Un chatbot répond à une requête. Un agent d'IA peut rechercher dans une base de données d'entreprise, extraire des dossiers clients, comparer des options, effectuer un calcul et déclencher un flux de travail.

Ce type de système a besoin de GPU pour les calculs intensifs, mais aussi de CPU pour gérer la mémoire, déplacer les données, orchestrer les outils et assurer l'exécution ordonnée de plusieurs étapes.

C'est pourquoi la recommandation de BofA est importante.
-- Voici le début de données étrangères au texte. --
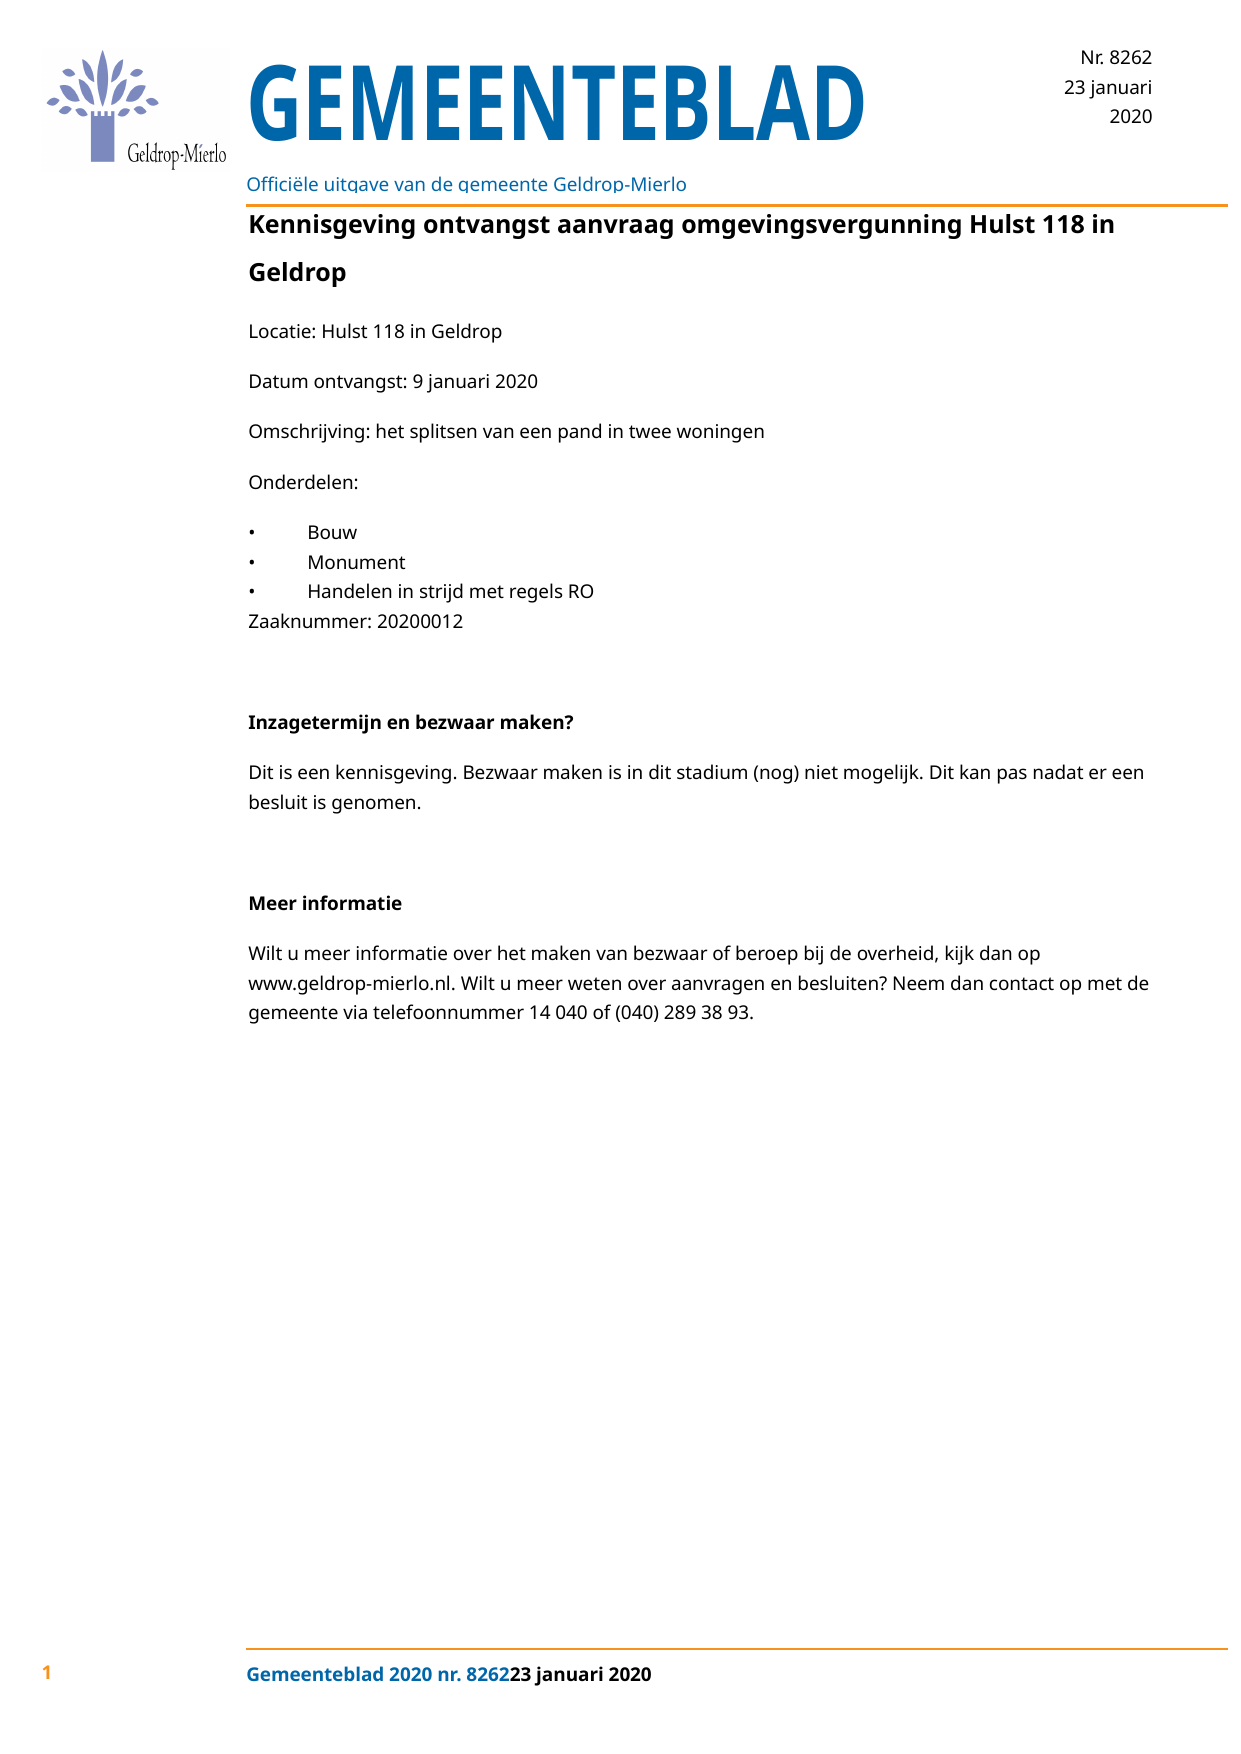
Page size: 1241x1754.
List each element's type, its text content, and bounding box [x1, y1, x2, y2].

list Handelen in strijd met regels RO [248, 579, 1152, 604]
picture [41, 47, 231, 172]
text Omschrijving: het splitsen van een pand in twee woningen [248, 419, 1152, 444]
text Dit is een kennisgeving. Bezwaar maken is in dit stadium (nog) niet mogelijk. Dit kan pas nadat er een besluit is genomen. [248, 759, 1152, 815]
text Zaaknummer: 20200012 [248, 608, 1152, 634]
text Onderdelen: [248, 469, 1152, 495]
text Meer informatie [248, 890, 1152, 916]
text Datum ontvangst: 9 januari 2020 [248, 368, 1152, 394]
text Kennisgeving ontvangst aanvraag omgevingsvergunning Hulst 118 in Geldrop [248, 207, 1152, 288]
text Wilt u meer informatie over het maken van bezwaar of beroep bij de overheid, kijk dan op www.geldrop-mierlo.nl. Wilt u meer weten over aanvragen en besluiten? Neem dan contact op met de gemeente via telefoonnummer 14 040 of (040) 289 38 93. [248, 940, 1152, 1025]
list Monument [248, 549, 1152, 575]
list Bouw [248, 519, 1152, 545]
text Locatie: Hulst 118 in Geldrop [248, 318, 1152, 344]
text Inzagetermijn en bezwaar maken? [248, 709, 1152, 735]

L'équipe d'Arya a qualifié les CPU de « plan de contrôle de l'inférence IA », les charges de travail agentiques devenant « structurellement encore plus intensives en CPU ».

La société soutient aussi qu'il ne s'agit pas d'une rotation GPU contre CPU, mais d'une expansion du marché des centres de données lui-même.
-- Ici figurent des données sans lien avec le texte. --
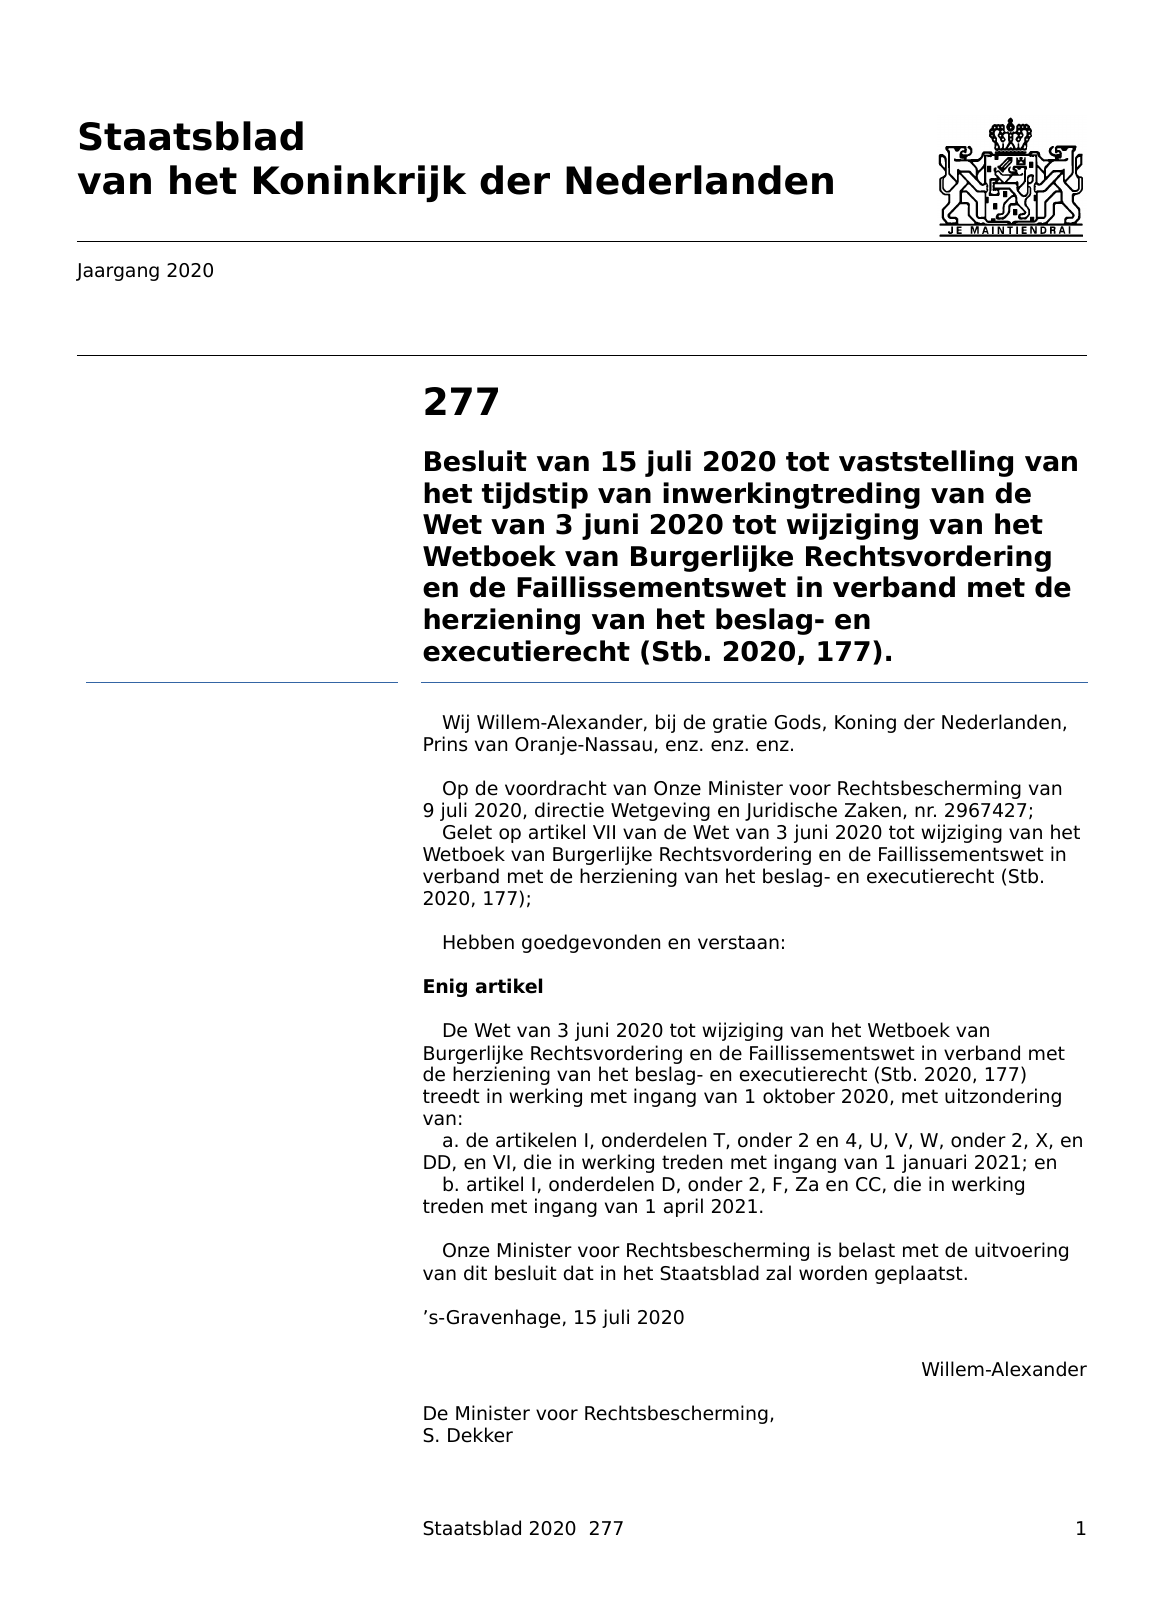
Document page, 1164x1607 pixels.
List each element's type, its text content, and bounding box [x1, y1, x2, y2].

text a. de artikelen I, onderdelen T, onder 2 en 4, U, V, W, onder 2, X, en DD, en VI, die in werking treden met ingang van 1 januari 2021; en [422, 1130, 1087, 1174]
text b. artikel I, onderdelen D, onder 2, F, Za en CC, die in werking treden met ingang van 1 april 2021. [422, 1174, 1087, 1218]
text De Wet van 3 juni 2020 tot wijziging van het Wetboek van Burgerlijke Rechtsvordering en de Faillissementswet in verband met de herziening van het beslag- en executierecht (Stb. 2020, 177) treedt in werking met ingang van 1 oktober 2020, met uitzondering van: [422, 1020, 1087, 1130]
table_header Staatsblad van het Koninkrijk der Nederlanden [77, 100, 886, 241]
text Onze Minister voor Rechtsbescherming is belast met de uitvoering van dit besluit dat in het Staatsblad zal worden geplaatst. [422, 1240, 1087, 1284]
text Hebben goedgevonden en verstaan: [422, 932, 1087, 954]
text Op de voordracht van Onze Minister voor Rechtsbescherming van 9 juli 2020, directie Wetgeving en Juridische Zaken, nr. 2967427; [422, 778, 1087, 822]
text Willem-Alexander [422, 1358, 1087, 1381]
table_header [886, 100, 1087, 241]
subtitle 277 [422, 381, 1087, 424]
text De Minister voor Rechtsbescherming, S. Dekker [422, 1403, 1087, 1447]
table_cell Jaargang 2020 [77, 242, 1087, 355]
text Gelet op artikel VII van de Wet van 3 juni 2020 tot wijziging van het Wetboek van Burgerlijke Rechtsvordering en de Faillissementswet in verband met de herziening van het beslag- en executierecht (Stb. 2020, 177); [422, 822, 1087, 910]
subtitle Enig artikel [422, 976, 1087, 998]
text Wij Willem-Alexander, bij de gratie Gods, Koning der Nederlanden, Prins van Oranje-Nassau, enz. enz. enz. [422, 712, 1087, 756]
text ’s-Gravenhage, 15 juli 2020 [422, 1307, 1087, 1328]
picture [936, 115, 1087, 240]
text Besluit van 15 juli 2020 tot vaststelling van het tijdstip van inwerkingtreding van de Wet van 3 juni 2020 tot wijziging van het Wetboek van Burgerlijke Rechtsvordering en de Faillissementswet in verband met de herziening van het beslag- en executierecht (Stb. 2020, 177). [422, 447, 1087, 667]

L'analyste de BofA expose son argumentaire

Vivek Arya, l'analyste en semi‑conducteurs très suivi de BofA Securities, considère Nvidia et AMD comme les deux options les plus claires pour participer à la phase de l'IA axée sur les CPU.

Pour Nvidia, l'argument commence par sa capacité à vendre des systèmes complets, pas seulement des puces.
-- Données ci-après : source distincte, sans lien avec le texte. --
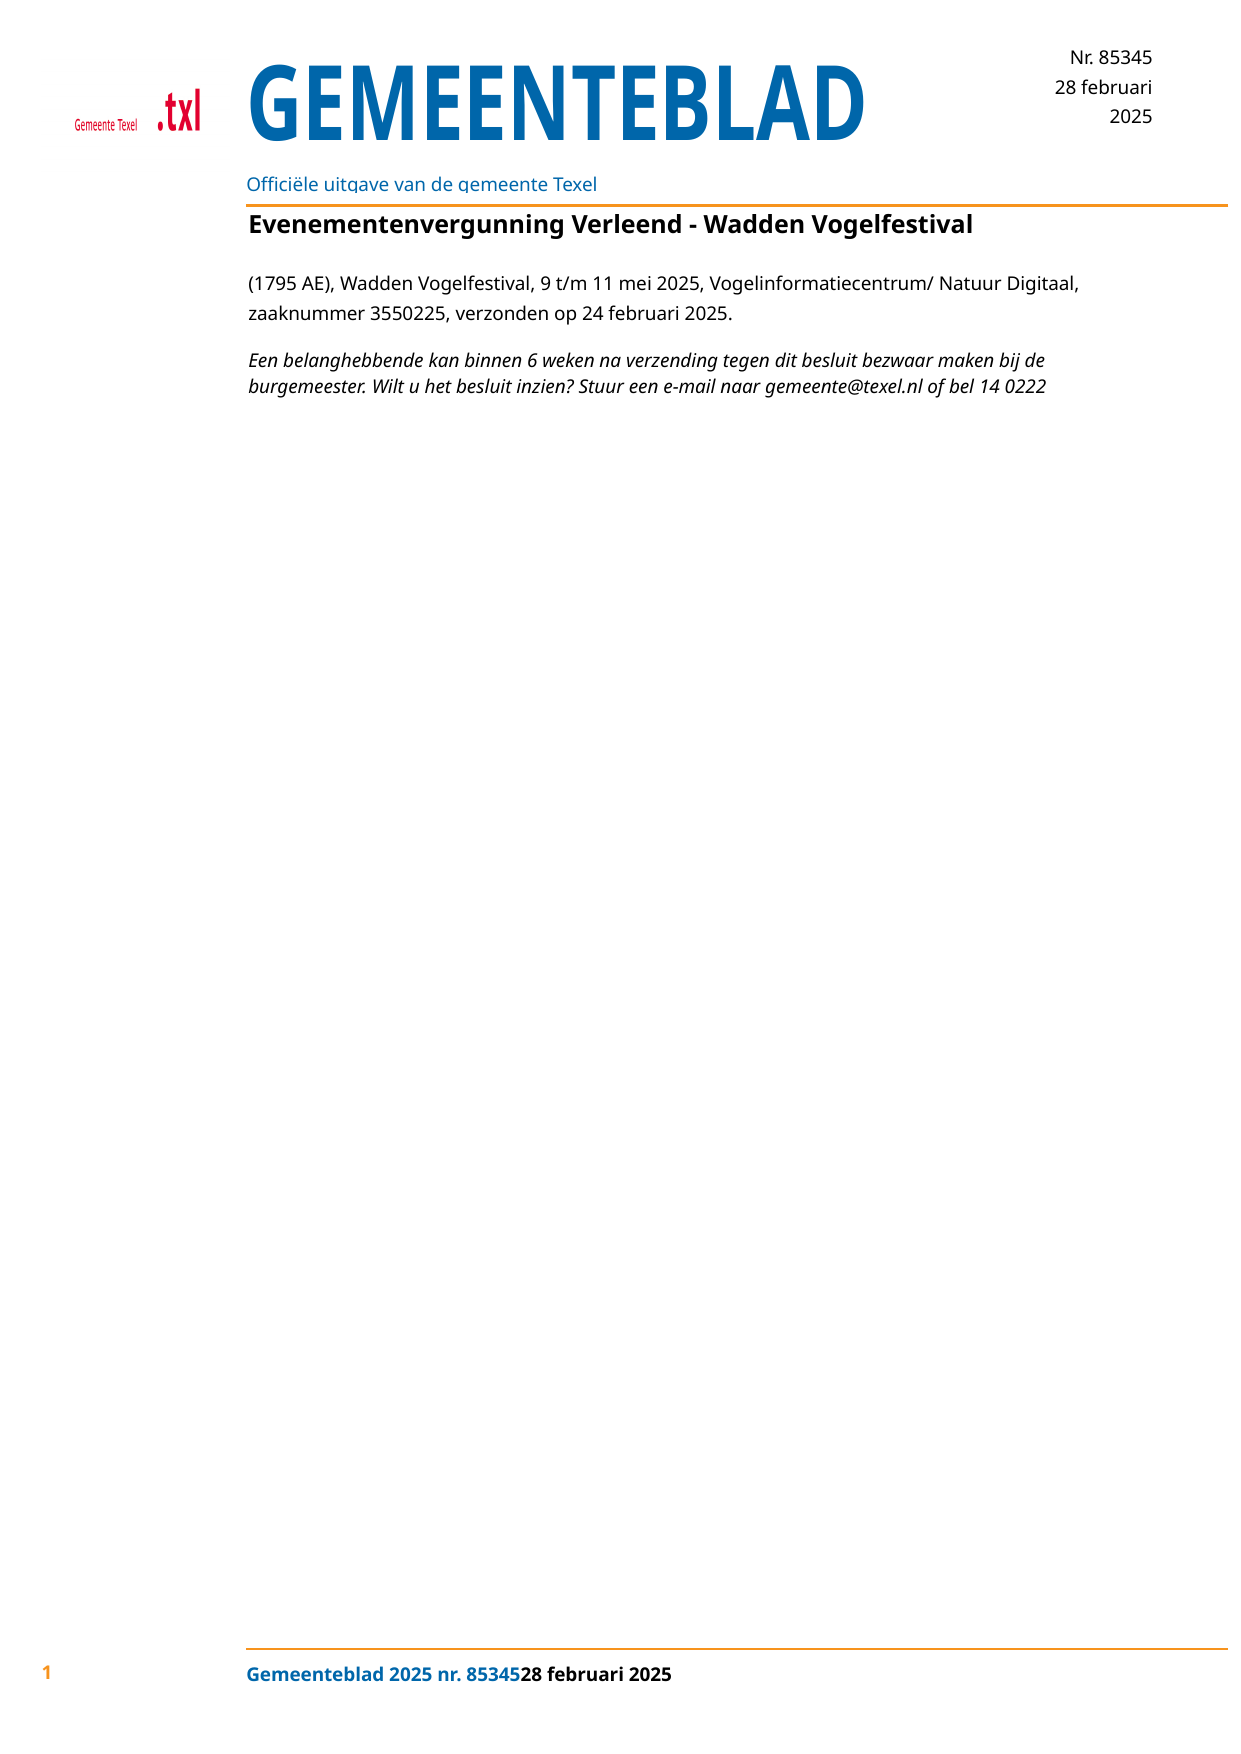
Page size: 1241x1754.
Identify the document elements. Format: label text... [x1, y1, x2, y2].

BofA a récemment relevé son cours cible pour Nvidia à 320 $ contre 300 $ et a maintenu une recommandation d'Achat, ce qui suggère un potentiel de hausse d'environ plus de 40% par rapport aux niveaux de cotation récents.

Le prochain catalyseur est Vera Rubin, la plateforme IA de nouvelle génération de Nvidia.

Nvidia indique que les produits basés sur Rubin seront disponibles auprès des partenaires au second semestre 2026, et que les principaux fournisseurs cloud devraient déployer des instances basées sur Vera Rubin.

La plateforme inclut le CPU Vera aux côtés des GPU Rubin, du réseautage et d'autres éléments d'infrastructure.

BofA a également souligné qu'un pod Vera Rubin complet pourrait tendre vers un ratio CPU/GPU proche de 1:1, signe de l'importance croissante des CPU dans l'infrastructure IA.

Il existe des risques : BofA a noté que la marge brute de Nvidia pourrait se replier modestement avec le temps à mesure que les coûts de la mémoire HBM augmentent et que la concurrence s'intensifie, notamment avec la série MI450 d'AMD et les puces sur mesure conçues par les hyperscalers.

Pour AMD, l'attrait est plus direct : elle vend déjà de solides CPU pour serveurs et dispose d'une feuille de route GPU IA crédible.

Arya avait auparavant augmenté l'objectif de cours d'AMD à 450 $, le qualifiant de « meilleur choix dans le segment compute » et notant que sa part dans l'IA pourrait passer d'environ 6% en 2026 à un chiffre à deux chiffres d'ici 2030.

Une mise à jour ultérieure de BofA a de nouveau relevé l'objectif à 500 $ contre 450 $, invoquant la robustesse des CPU, les gains de parts dans l'IA et les dépenses d'infrastructure.